■ How to complete this task: For the material below, return exactly the lines starting at the line containing "Meters and whole degrees." and ending at the line containing "So, what 3D", both ends included, and no others.

■ Dataset extract:
Segment Open

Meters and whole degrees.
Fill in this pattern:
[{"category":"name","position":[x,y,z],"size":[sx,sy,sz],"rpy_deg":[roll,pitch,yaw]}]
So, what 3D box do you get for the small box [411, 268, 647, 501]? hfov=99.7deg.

Segment Closed
Segment Open

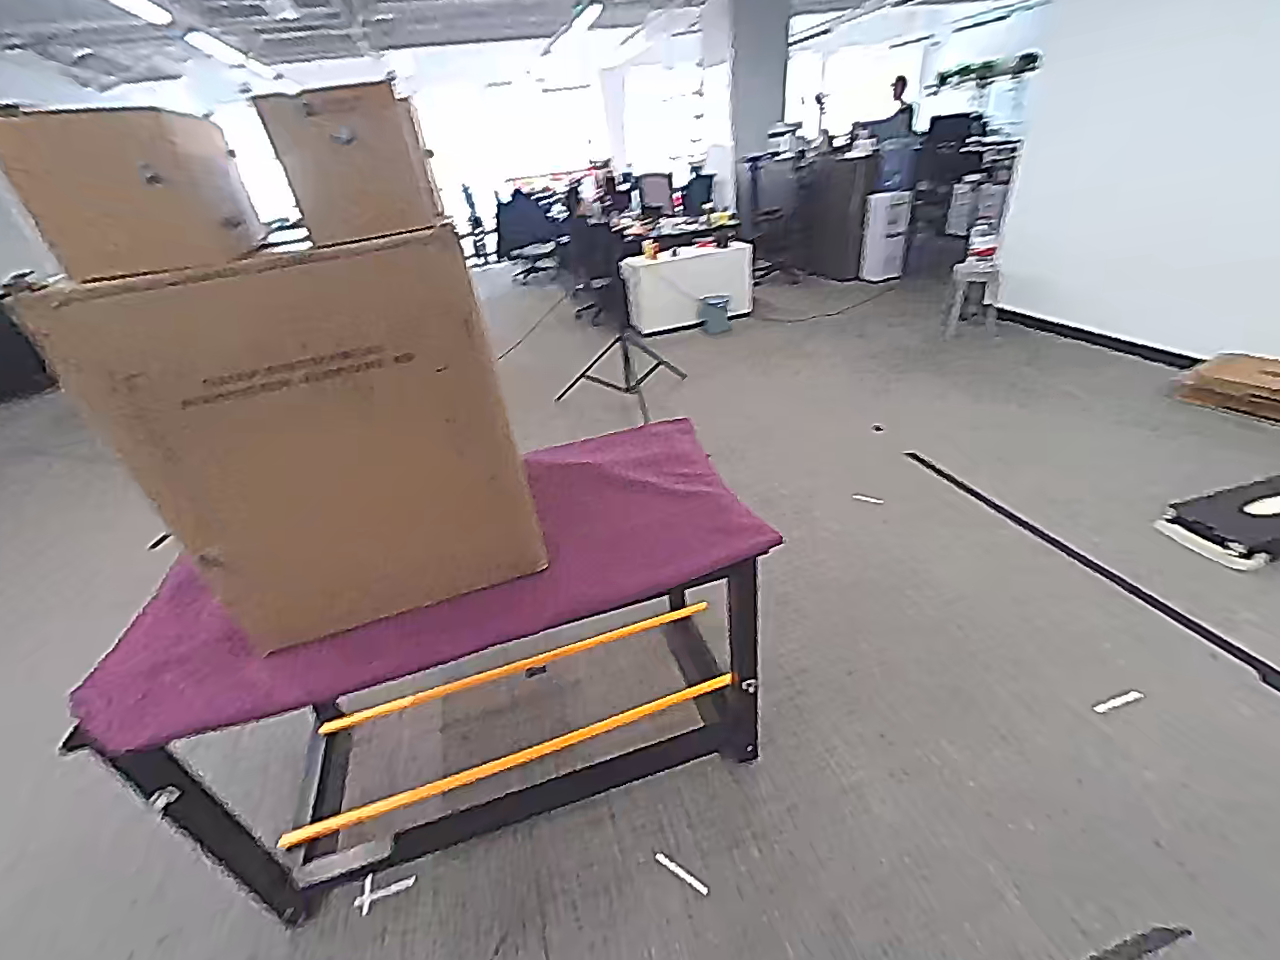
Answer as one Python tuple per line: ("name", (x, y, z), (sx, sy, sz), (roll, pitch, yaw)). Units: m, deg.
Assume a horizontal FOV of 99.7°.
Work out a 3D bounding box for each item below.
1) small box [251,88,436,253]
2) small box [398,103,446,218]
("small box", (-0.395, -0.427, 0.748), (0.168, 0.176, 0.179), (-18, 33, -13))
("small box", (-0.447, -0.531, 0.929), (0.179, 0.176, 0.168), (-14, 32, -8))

Segment Closed

■ Final answer:
Meters and whole degrees.
Fill in this pattern:
[{"category":"name","position":[x,y,z],"size":[sx,sy,sz],"rpy_deg":[roll,pitch,yaw]}]
So, what 3D box do you get for the small box [411, 268, 647, 501]? hfov=99.7deg.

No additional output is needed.